This step, referred to by industry observers as a “game changer,” should provide an alternative to fintechs, already regulated by 50 different entities and often required to meet additional obligations imposed by its banking partners. According to the OCC, “Companies that provide banking services in innovative ways deserve the opportunity to pursue that business on a national scale as a federally chartered, regulated bank.” Comptroller Otting stated that, “Providing a path for fintech companies to become national banks can make the federal banking system stronger by promoting economic growth and opportunity, modernization and innovation, and competition.” Despite this statement and all available information many questions remain about the application process, the capital and liquidity requirements, and the impact of the regulatory oversight on fintech companies.

OCC Special Purpose National Bank Charter High-Level Details

The OCC confirmed the challenged statutory authority, regulations, and policies governing its review and decision making with respect to chartering national banks, including special purpose national banks. That authority to grant a charter includes companies that engage in one of the core banking functions (paying checks, lending money, or taking deposits), and is described in 12 CFR 5.20(e)(1). That authority does not require the bank to take deposits within the meaning of the Federal Deposit Insurance Act4 and therefore would not require insurance from the Federal Deposit Insurance Corporation.

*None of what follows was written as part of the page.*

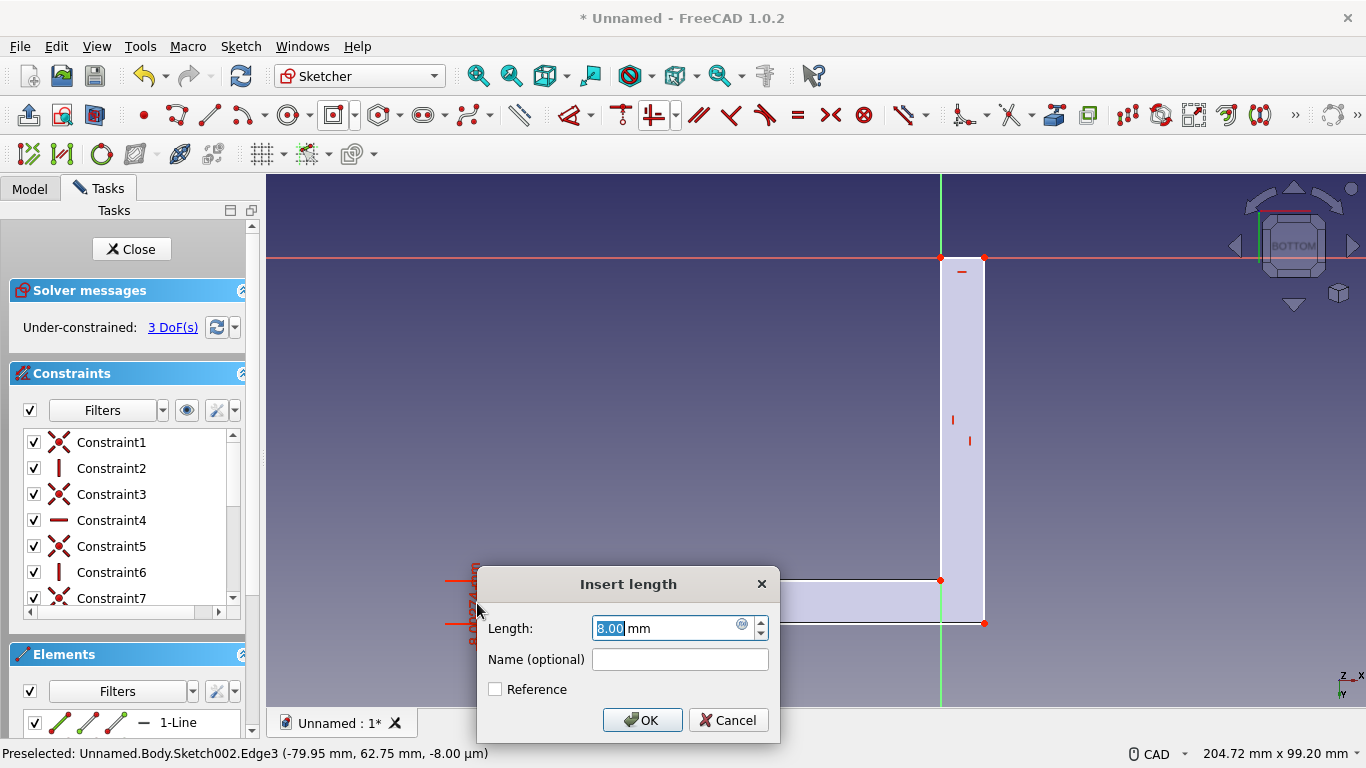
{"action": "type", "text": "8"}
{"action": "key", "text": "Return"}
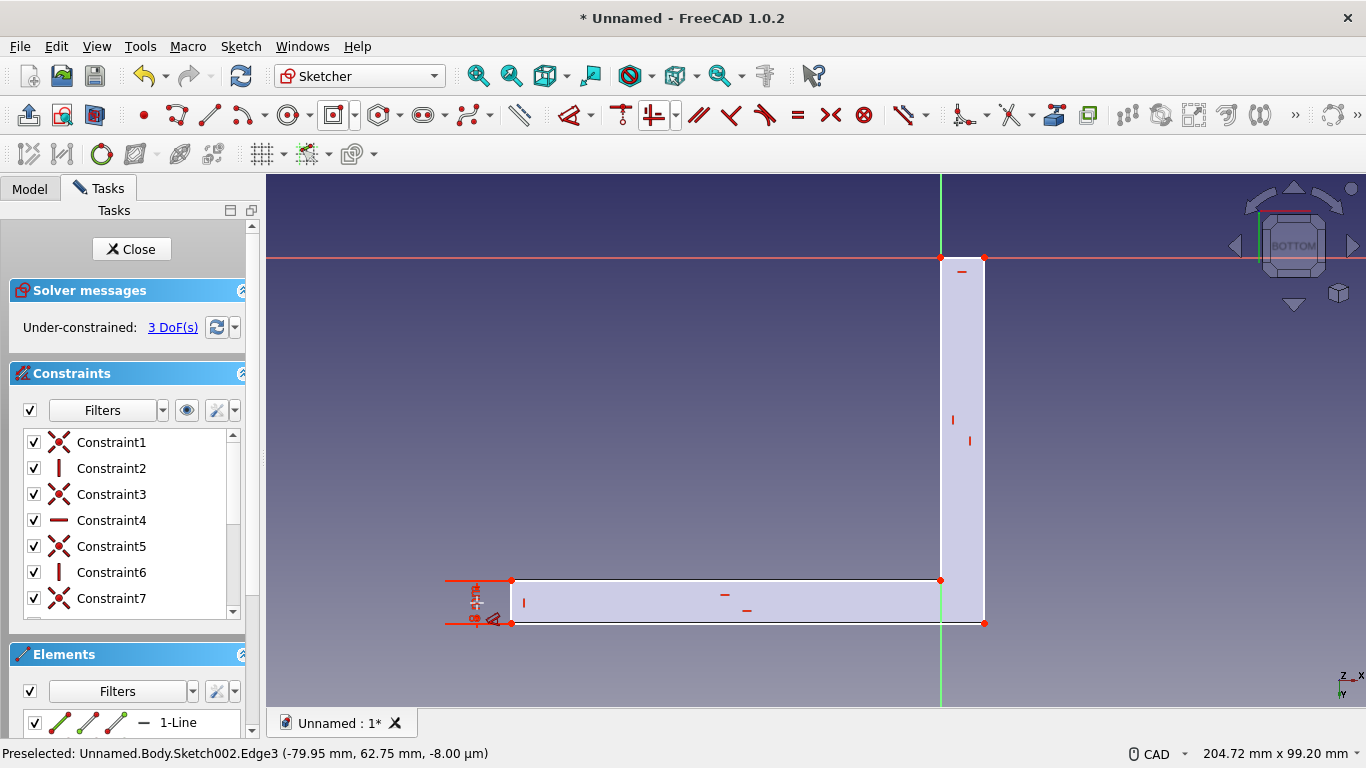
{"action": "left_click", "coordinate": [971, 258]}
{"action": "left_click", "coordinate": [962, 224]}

The OCC Comptroller’s Licensing Manual Supplement Considering Charter Applications From Financial Technology Companies5 issued in conjunction with the OCC’s announcement provides detail on the application process, key considerations in the OCC’s review of the application and the supervision process.

The document describes the OCC’s approach applicable to fintech companies engaged in paying checks or lending money relying on funding sources different from those relied upon by insured banks and, therefore, not insured by the Federal Deposit Insurance Corporation. The OCC views the National Bank Act as sufficiently adaptable to include fintechs facilitating payments electronically and would consider the product as the modern-day equivalent of paying checks. Any applicants proposing to engage in activities not already addressed in the statute, regulation, or OCC precedent are encouraged to consult with the OCC. Fintechs that take deposits are required to obtain FDIC insurance and, therefore, would need to apply for a full-service national bank charter.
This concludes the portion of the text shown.